▸ Your assignment
Gather the lines from the material that contain "dimension".

▸ Information shown

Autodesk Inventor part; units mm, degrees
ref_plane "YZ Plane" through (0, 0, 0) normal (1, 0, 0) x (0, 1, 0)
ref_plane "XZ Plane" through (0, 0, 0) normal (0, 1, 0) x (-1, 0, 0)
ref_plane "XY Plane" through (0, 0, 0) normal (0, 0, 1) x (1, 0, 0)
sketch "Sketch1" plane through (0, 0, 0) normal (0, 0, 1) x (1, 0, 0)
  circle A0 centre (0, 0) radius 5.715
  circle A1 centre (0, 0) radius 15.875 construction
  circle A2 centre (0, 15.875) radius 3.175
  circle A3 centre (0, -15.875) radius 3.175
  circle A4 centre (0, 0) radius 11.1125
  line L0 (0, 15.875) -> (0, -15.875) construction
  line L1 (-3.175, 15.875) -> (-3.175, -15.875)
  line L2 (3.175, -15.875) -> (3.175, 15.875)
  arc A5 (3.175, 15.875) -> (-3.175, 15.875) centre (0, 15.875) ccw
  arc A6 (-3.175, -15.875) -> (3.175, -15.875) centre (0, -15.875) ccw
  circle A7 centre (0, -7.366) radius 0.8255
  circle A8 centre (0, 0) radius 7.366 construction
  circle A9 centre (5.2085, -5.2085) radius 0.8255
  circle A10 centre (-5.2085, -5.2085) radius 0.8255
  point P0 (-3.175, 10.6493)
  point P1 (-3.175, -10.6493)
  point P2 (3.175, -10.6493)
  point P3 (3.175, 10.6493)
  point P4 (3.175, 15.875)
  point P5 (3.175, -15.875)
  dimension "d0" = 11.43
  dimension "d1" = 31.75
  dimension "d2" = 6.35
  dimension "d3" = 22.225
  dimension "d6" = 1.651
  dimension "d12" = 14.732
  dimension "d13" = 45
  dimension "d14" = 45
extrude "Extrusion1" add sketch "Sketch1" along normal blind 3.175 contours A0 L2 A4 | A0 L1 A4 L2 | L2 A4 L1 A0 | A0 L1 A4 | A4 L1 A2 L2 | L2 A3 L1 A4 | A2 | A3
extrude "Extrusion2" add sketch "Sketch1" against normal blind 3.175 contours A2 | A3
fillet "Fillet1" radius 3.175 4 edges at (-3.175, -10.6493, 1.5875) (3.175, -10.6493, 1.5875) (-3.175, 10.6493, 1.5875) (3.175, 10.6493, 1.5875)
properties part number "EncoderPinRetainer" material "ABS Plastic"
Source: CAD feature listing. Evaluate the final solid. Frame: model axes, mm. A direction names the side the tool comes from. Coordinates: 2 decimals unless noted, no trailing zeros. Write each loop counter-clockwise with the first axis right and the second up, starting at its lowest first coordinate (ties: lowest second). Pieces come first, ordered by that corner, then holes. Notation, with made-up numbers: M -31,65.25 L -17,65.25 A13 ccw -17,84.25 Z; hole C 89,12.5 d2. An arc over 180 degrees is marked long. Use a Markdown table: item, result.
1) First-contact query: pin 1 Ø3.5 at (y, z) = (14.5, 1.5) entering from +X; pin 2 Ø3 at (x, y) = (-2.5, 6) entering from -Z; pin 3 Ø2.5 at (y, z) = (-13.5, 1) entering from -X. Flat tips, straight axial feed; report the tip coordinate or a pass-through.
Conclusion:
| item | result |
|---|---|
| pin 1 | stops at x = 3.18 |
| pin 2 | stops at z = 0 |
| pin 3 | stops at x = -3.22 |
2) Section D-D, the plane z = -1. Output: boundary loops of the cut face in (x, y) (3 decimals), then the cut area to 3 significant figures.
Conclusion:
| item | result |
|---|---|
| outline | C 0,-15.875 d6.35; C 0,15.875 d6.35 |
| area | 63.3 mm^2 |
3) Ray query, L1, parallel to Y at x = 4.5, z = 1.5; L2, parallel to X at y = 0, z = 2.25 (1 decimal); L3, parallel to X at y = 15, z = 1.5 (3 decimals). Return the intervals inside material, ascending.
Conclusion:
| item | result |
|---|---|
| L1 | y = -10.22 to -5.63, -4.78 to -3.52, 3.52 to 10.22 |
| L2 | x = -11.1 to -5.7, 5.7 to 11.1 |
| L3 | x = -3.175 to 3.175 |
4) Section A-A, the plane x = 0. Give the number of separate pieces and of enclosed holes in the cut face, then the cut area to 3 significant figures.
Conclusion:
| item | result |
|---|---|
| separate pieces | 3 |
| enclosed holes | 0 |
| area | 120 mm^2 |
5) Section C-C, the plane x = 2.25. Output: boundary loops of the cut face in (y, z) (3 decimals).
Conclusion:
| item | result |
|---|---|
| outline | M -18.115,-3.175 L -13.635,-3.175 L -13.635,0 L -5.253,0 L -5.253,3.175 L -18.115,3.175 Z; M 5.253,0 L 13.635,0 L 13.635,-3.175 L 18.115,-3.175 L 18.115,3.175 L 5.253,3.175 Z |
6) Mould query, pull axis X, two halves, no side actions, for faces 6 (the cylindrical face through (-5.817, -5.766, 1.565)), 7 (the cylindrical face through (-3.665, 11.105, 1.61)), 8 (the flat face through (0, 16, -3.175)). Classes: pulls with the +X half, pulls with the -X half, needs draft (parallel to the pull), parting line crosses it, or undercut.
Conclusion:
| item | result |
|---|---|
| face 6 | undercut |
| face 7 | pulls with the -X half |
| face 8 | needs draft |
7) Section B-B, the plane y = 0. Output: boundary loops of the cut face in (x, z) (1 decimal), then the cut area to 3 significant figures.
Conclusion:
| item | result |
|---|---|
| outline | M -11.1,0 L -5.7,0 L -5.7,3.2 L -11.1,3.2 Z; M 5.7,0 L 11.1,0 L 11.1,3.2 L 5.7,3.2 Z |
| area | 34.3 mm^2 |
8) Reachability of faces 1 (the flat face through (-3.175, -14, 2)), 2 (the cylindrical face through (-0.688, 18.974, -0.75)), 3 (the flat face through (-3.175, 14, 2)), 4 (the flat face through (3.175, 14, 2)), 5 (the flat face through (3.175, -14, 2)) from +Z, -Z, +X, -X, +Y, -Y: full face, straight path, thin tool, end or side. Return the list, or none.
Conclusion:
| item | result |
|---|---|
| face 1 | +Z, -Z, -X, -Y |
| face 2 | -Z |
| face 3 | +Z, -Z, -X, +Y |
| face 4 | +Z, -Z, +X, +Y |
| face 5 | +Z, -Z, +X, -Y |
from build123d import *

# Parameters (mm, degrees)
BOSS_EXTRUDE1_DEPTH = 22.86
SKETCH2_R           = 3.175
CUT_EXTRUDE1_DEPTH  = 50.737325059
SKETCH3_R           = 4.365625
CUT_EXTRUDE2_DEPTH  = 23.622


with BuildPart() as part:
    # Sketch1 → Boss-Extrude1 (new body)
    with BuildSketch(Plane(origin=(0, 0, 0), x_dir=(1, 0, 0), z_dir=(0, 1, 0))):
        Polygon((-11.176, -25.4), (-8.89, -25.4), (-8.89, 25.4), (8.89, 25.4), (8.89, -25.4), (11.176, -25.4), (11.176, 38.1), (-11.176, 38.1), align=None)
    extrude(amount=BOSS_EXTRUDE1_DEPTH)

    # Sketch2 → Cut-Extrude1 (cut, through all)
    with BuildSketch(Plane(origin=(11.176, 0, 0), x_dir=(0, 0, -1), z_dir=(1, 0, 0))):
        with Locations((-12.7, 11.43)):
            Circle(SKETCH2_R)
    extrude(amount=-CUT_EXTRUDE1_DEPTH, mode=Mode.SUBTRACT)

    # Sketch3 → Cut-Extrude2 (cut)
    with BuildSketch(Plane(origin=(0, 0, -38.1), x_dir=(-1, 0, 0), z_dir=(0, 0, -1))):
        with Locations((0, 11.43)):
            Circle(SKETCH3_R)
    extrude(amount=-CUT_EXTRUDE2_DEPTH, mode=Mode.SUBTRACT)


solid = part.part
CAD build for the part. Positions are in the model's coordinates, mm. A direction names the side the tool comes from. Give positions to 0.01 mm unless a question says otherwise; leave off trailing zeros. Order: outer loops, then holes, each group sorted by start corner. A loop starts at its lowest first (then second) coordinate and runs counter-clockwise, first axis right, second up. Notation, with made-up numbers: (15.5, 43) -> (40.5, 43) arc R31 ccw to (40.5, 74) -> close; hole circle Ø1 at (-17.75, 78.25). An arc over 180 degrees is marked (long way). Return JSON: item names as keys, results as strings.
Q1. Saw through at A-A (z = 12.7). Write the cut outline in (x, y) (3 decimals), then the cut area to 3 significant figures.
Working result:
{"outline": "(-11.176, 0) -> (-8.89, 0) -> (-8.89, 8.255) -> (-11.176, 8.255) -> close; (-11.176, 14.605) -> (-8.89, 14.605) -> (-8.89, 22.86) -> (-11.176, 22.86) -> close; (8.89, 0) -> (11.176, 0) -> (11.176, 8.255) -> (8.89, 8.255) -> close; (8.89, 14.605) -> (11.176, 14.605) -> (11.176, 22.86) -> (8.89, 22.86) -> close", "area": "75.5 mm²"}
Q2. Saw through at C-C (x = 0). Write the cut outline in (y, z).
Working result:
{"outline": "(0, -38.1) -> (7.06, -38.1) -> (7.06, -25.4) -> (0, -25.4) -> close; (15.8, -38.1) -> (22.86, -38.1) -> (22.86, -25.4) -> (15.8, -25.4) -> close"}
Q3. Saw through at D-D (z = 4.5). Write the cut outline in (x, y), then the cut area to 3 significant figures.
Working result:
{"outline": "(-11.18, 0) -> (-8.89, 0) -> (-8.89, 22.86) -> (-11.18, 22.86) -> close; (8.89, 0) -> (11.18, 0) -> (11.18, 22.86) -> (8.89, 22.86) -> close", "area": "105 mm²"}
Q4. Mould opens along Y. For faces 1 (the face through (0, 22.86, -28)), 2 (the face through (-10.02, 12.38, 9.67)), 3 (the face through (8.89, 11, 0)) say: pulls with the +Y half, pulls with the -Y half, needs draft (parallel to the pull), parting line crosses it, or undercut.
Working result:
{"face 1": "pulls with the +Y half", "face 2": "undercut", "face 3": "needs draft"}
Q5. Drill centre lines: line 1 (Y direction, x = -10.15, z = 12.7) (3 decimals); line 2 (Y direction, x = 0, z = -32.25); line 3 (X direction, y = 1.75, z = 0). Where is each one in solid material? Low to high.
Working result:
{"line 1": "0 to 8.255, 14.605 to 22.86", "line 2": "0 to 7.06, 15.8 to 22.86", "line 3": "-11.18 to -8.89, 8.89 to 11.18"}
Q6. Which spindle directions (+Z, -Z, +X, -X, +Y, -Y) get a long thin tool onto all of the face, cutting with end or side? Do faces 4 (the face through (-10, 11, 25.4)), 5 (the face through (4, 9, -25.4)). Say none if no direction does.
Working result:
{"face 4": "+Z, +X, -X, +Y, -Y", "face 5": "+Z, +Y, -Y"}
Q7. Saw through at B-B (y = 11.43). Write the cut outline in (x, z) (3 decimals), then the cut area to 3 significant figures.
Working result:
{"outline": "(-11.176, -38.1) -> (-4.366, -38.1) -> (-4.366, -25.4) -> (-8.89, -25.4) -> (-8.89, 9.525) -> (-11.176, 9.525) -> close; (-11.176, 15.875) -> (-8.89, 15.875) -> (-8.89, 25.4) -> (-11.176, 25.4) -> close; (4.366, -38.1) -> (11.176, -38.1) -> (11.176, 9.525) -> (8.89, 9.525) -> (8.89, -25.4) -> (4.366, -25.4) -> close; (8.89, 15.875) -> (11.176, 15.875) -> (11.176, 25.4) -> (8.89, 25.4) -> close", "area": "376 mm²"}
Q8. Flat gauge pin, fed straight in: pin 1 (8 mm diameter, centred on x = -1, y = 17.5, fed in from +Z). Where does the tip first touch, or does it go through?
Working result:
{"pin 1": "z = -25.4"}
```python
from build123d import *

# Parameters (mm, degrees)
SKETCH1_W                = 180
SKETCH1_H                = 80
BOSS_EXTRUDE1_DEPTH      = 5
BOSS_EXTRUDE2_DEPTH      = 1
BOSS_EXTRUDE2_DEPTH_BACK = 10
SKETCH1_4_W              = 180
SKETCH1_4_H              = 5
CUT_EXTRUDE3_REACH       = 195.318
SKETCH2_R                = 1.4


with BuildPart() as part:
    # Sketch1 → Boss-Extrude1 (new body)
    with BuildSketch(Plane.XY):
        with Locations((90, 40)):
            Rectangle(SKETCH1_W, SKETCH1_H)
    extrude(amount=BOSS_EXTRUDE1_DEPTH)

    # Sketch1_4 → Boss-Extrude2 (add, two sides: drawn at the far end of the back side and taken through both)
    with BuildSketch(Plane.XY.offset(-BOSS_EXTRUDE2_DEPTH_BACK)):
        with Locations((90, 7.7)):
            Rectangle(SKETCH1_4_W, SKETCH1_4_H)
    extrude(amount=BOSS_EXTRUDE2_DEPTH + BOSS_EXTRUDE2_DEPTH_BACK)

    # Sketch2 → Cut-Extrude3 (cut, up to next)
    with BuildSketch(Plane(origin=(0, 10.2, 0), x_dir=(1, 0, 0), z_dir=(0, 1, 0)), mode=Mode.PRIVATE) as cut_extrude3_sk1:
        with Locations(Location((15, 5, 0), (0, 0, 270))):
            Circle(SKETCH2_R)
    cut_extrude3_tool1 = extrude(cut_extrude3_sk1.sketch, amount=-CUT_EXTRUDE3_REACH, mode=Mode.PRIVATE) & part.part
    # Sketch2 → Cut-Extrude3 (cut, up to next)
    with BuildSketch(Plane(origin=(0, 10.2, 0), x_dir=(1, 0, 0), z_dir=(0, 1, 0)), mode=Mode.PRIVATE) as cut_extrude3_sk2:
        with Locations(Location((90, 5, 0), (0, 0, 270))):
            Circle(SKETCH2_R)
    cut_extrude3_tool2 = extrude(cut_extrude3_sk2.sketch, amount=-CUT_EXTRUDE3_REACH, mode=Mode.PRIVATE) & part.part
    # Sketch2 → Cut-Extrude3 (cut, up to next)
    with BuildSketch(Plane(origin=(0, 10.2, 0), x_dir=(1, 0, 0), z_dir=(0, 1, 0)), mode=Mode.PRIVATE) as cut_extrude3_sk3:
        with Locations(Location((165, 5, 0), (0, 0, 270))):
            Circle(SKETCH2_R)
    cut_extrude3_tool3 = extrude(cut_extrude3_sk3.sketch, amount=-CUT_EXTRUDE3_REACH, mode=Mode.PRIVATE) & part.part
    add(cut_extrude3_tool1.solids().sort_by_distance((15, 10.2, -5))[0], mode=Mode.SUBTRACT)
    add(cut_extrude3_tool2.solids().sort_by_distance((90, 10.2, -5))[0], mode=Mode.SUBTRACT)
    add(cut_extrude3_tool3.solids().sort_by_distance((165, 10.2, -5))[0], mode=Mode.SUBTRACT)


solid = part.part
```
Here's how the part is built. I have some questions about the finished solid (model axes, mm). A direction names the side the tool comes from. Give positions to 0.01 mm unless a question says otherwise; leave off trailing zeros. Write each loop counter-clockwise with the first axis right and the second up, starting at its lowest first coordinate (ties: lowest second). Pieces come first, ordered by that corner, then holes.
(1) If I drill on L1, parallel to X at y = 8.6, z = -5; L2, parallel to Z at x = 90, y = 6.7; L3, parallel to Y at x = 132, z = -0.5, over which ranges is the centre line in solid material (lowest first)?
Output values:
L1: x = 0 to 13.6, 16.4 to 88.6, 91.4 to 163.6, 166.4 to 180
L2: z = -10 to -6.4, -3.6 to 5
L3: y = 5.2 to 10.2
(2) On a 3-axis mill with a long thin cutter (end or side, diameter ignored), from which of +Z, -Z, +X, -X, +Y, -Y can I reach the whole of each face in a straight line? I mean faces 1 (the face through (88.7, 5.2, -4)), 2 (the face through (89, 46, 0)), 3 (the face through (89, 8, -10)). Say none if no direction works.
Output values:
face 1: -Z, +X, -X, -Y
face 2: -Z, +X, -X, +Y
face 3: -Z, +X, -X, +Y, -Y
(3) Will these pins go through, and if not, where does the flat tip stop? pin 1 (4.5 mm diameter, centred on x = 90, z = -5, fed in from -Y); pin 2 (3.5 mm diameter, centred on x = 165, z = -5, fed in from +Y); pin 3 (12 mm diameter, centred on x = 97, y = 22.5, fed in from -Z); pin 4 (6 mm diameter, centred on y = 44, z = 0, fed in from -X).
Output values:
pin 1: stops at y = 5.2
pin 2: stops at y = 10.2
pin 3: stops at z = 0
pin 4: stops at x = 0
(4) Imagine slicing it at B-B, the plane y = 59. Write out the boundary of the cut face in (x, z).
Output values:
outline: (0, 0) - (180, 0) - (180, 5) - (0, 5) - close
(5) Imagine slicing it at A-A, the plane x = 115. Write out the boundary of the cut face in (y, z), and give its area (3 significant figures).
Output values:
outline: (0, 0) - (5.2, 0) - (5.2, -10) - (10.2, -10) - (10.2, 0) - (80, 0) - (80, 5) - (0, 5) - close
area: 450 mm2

▸ Result for this task
  dimension "d0" = 11.43
  dimension "d1" = 31.75
  dimension "d2" = 6.35
  dimension "d3" = 22.225
  dimension "d6" = 1.651
  dimension "d12" = 14.732
  dimension "d13" = 45
  dimension "d14" = 45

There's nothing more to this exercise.